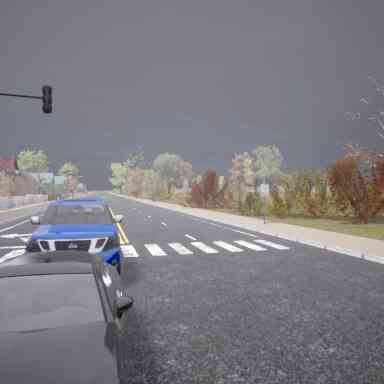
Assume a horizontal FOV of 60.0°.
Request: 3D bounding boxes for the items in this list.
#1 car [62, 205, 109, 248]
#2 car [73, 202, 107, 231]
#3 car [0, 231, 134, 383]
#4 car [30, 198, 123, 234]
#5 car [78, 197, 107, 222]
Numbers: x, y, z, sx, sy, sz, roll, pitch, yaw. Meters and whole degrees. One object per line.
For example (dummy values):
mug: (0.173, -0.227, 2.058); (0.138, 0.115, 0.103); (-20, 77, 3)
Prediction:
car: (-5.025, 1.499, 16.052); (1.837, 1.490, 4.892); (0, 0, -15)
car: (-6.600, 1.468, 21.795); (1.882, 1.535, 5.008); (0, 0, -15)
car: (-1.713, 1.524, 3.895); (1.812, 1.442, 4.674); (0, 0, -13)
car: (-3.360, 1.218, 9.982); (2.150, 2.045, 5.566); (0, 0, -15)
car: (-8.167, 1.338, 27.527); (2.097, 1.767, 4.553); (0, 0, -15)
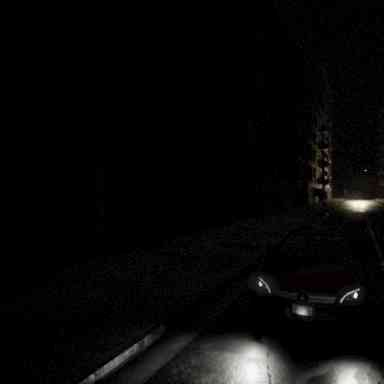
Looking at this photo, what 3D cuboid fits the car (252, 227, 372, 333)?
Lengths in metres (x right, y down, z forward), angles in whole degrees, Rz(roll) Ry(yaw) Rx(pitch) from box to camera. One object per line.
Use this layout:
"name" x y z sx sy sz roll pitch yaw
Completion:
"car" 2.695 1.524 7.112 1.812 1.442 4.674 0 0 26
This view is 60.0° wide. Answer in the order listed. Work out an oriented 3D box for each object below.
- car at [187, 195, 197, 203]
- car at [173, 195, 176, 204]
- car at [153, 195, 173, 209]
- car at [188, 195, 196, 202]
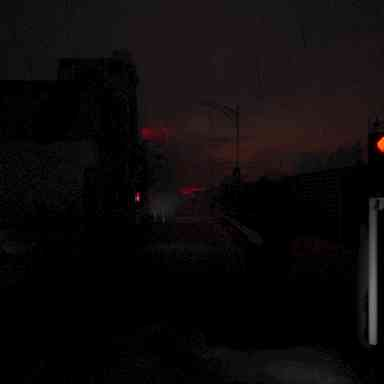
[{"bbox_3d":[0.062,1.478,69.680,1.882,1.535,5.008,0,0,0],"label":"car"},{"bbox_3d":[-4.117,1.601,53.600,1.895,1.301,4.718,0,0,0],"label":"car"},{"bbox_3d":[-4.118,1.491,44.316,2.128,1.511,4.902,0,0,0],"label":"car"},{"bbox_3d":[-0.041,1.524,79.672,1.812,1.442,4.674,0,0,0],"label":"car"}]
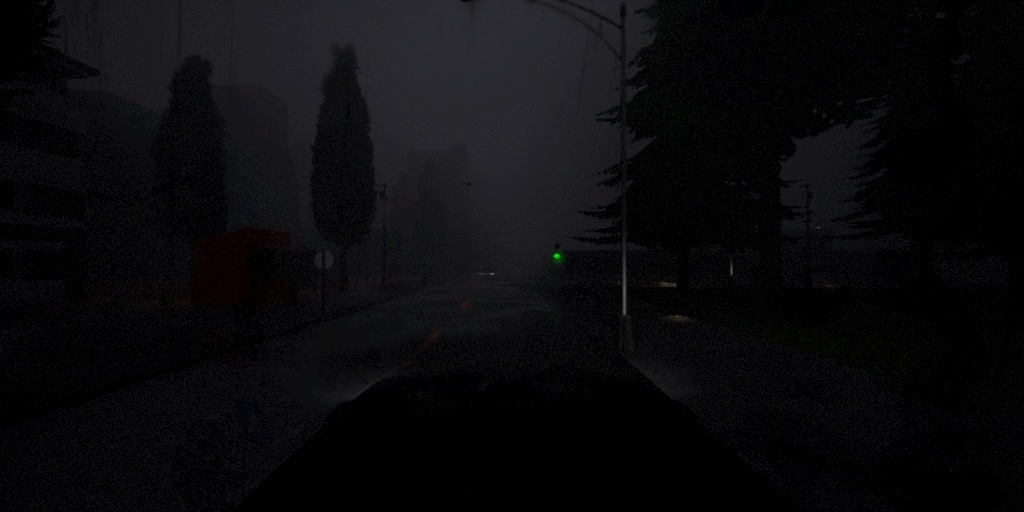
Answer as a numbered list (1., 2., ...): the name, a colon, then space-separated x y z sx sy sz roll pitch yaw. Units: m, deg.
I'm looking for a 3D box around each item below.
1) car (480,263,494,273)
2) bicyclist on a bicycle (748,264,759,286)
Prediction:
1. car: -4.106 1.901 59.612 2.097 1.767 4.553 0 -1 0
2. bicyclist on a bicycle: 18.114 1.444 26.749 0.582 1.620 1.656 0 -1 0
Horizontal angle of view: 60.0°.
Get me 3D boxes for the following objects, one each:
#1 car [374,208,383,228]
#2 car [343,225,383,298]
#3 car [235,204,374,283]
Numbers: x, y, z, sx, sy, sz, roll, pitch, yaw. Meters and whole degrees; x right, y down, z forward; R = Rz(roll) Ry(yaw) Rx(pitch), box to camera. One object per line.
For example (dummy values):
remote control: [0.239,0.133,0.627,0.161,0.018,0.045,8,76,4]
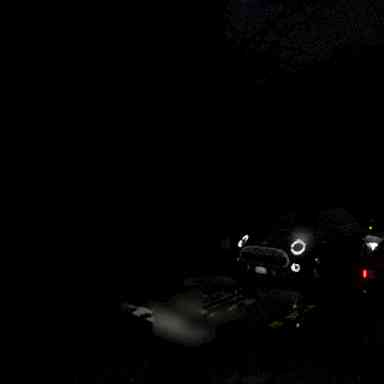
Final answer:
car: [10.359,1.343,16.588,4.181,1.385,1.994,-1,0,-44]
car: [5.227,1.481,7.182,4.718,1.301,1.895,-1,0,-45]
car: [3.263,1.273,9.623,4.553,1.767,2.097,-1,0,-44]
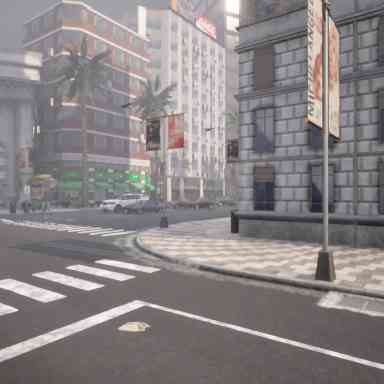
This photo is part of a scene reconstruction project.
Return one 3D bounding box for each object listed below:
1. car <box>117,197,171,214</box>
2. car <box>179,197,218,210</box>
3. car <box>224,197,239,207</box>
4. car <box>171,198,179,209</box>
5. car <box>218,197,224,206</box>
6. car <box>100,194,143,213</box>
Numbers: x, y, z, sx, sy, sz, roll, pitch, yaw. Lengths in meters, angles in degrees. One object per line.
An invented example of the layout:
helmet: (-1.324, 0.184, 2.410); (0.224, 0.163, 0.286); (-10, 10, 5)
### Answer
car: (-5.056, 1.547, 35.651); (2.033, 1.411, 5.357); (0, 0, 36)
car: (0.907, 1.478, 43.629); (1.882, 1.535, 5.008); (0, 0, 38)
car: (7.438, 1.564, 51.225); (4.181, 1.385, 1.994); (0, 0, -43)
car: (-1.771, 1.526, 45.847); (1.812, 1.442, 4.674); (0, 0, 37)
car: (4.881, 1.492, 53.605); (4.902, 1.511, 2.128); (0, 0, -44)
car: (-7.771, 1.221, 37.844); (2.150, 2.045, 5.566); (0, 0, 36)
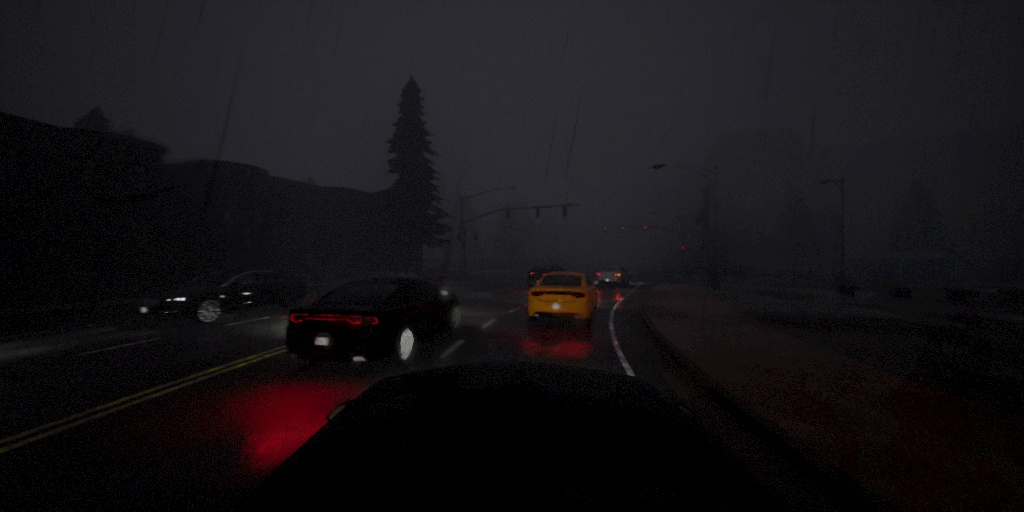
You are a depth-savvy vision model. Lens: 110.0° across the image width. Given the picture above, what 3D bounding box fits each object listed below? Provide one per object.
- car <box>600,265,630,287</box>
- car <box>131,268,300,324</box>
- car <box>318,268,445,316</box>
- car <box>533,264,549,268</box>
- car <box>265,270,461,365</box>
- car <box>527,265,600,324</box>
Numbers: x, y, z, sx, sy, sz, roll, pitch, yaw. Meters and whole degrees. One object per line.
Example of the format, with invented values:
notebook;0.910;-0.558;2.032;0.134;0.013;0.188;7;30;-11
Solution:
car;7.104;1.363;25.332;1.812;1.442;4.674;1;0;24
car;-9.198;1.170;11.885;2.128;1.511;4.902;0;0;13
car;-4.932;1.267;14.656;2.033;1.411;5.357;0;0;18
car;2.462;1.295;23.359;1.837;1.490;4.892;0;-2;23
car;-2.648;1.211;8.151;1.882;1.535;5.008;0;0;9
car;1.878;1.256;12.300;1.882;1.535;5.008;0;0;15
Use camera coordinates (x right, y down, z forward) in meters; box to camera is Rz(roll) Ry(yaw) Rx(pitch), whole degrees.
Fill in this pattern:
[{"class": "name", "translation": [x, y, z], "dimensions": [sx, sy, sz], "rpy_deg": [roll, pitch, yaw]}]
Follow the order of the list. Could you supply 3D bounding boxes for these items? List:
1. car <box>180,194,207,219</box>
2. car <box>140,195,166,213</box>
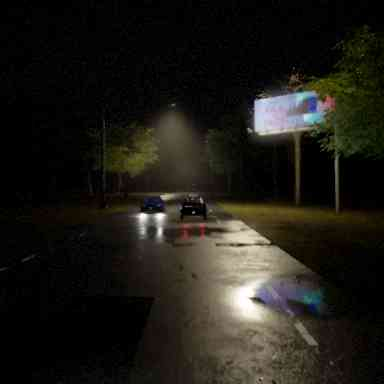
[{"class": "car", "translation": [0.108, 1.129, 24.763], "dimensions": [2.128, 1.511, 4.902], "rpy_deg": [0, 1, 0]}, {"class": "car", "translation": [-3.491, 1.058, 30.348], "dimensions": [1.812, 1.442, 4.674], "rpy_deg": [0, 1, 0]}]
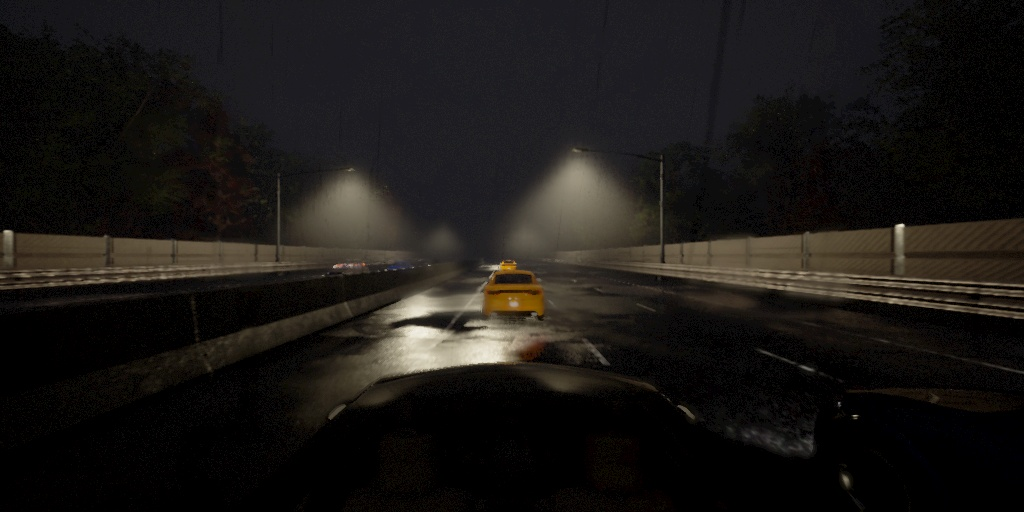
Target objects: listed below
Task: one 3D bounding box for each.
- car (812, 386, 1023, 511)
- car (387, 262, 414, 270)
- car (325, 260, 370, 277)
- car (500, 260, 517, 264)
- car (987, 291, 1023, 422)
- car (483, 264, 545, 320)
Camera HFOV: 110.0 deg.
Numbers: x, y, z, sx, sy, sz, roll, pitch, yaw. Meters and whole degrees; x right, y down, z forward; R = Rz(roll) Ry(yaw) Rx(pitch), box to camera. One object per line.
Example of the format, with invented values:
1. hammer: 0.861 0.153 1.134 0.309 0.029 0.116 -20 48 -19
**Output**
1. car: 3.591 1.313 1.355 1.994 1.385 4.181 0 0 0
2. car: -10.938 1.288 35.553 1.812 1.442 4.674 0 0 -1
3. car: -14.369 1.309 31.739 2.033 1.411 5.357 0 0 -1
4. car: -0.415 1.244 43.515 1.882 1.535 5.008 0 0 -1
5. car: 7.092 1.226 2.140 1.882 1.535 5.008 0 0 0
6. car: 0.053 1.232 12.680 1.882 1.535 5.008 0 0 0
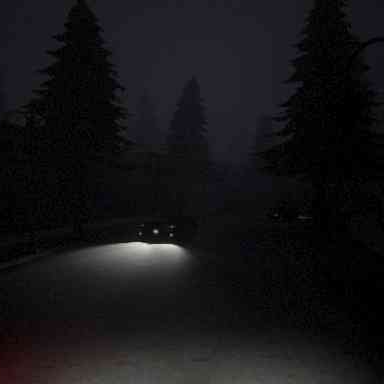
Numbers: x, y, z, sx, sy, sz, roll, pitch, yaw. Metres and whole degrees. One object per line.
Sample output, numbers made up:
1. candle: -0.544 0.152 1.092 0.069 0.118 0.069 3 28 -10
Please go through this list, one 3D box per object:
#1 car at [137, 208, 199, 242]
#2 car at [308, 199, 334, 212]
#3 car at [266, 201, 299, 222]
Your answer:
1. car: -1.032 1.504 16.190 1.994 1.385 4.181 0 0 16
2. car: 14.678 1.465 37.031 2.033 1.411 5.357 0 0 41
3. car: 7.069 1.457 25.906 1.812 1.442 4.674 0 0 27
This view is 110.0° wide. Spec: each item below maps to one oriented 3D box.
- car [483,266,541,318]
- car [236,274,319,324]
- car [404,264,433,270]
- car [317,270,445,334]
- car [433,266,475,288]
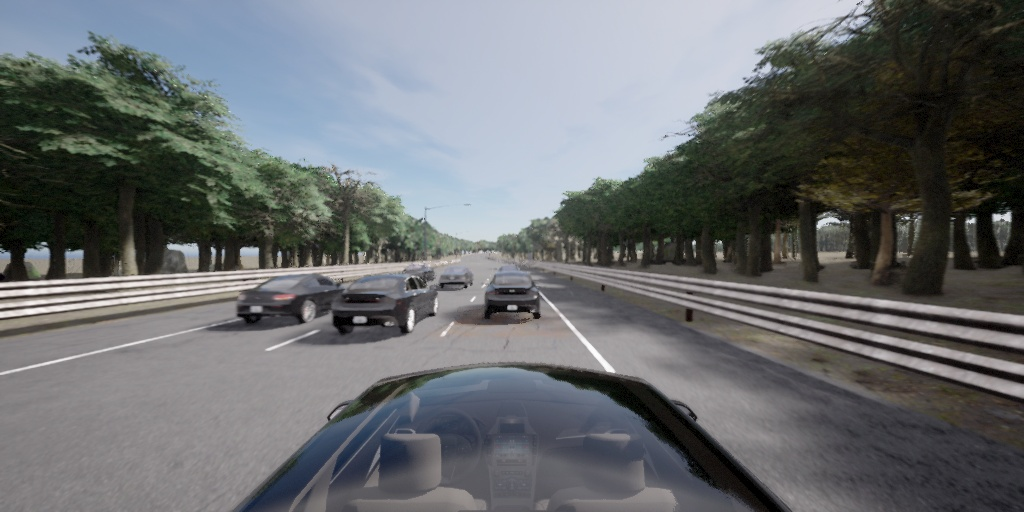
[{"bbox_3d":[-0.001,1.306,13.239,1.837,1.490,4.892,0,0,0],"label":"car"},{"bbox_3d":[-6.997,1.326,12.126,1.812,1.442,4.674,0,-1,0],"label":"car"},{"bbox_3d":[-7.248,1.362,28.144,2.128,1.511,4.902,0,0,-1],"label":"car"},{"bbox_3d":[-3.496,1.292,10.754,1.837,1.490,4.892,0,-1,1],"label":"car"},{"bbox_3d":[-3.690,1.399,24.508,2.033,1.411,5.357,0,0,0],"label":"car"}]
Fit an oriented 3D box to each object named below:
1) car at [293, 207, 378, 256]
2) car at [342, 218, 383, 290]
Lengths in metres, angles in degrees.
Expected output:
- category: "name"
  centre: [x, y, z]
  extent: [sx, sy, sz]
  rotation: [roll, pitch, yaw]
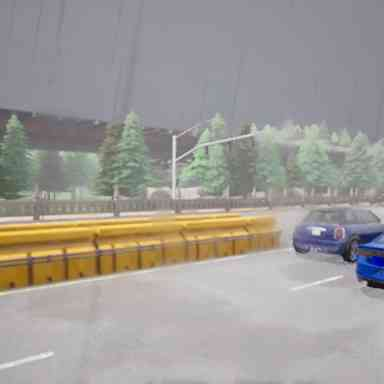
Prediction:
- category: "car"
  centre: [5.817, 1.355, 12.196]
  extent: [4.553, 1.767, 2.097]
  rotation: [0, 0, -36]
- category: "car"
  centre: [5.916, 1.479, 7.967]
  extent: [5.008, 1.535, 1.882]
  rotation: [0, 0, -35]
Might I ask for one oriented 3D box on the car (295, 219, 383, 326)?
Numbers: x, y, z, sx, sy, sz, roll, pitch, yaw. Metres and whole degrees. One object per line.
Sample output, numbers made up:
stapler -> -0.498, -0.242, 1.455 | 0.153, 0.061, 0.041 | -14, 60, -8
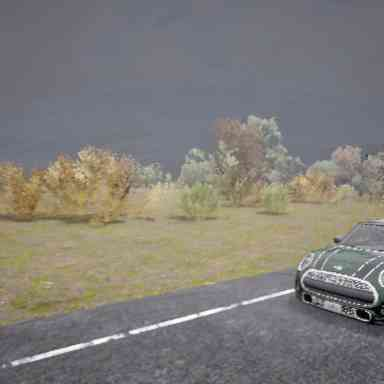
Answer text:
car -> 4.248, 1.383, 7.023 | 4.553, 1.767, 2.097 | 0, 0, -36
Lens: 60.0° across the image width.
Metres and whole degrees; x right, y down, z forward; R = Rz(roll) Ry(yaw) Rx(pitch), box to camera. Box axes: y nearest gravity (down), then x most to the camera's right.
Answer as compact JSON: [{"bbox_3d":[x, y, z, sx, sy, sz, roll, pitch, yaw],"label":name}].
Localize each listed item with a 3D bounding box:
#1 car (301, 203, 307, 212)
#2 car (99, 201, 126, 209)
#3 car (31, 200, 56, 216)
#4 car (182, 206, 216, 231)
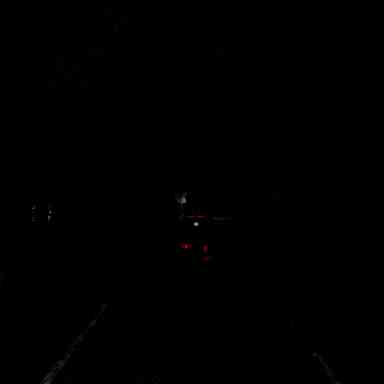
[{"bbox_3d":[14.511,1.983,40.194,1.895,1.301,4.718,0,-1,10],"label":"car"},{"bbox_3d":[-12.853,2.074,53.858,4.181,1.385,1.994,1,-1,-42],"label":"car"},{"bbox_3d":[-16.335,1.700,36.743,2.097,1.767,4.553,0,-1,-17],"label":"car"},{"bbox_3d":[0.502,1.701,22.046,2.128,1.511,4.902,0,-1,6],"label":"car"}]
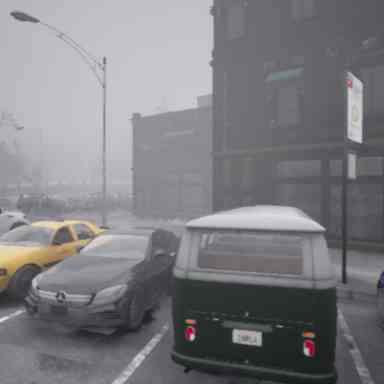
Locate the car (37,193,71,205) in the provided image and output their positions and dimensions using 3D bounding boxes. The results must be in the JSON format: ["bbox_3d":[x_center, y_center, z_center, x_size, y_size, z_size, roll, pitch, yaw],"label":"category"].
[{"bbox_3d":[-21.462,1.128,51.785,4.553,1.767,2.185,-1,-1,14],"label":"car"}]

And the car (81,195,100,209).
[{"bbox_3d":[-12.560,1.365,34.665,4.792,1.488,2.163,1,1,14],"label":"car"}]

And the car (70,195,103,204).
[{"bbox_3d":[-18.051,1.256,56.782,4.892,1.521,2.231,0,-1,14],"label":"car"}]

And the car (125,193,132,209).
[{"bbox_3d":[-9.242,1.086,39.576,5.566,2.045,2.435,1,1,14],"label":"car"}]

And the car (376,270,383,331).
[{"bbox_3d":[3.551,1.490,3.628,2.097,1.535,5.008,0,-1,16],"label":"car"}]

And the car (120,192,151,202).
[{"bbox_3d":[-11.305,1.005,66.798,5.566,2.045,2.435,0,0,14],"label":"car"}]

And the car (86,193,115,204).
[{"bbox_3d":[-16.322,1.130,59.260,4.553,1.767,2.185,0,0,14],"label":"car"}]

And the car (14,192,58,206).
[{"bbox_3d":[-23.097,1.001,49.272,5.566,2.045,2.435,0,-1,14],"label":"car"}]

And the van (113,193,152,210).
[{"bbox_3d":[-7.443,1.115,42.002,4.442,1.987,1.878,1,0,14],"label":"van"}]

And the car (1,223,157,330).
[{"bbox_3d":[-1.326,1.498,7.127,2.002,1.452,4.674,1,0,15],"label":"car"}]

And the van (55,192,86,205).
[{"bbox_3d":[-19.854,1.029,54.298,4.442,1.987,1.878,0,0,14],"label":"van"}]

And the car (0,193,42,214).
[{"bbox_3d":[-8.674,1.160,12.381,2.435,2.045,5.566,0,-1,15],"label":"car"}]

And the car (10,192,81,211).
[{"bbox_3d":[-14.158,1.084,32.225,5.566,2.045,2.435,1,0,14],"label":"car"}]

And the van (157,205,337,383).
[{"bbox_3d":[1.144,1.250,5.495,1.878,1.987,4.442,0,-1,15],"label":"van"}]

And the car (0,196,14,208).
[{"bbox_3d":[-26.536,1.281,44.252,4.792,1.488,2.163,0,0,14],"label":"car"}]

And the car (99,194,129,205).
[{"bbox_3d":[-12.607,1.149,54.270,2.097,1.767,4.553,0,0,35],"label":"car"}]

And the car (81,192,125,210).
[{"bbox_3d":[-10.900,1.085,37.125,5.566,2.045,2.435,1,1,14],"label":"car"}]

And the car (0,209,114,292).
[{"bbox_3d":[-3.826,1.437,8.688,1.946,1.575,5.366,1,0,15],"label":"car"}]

________________________________________

▶ _WHAT TO WORK ON_:
Check every line above for the string "angles", and copy the ones that have it.

▶ _ANSWER BOX_:
Lengths in metres (x right, y down, z forward), angles in whole degrees, Rz(roll) Ry(yaw) Rx(pitch) from box to camera. One object per line.
Numbers: x, y, z, sx, sy, sz, roll, pitch, yaw. Lengths in meters, angles in degrees. One object per line.
Lengths in metres, angles in degrees.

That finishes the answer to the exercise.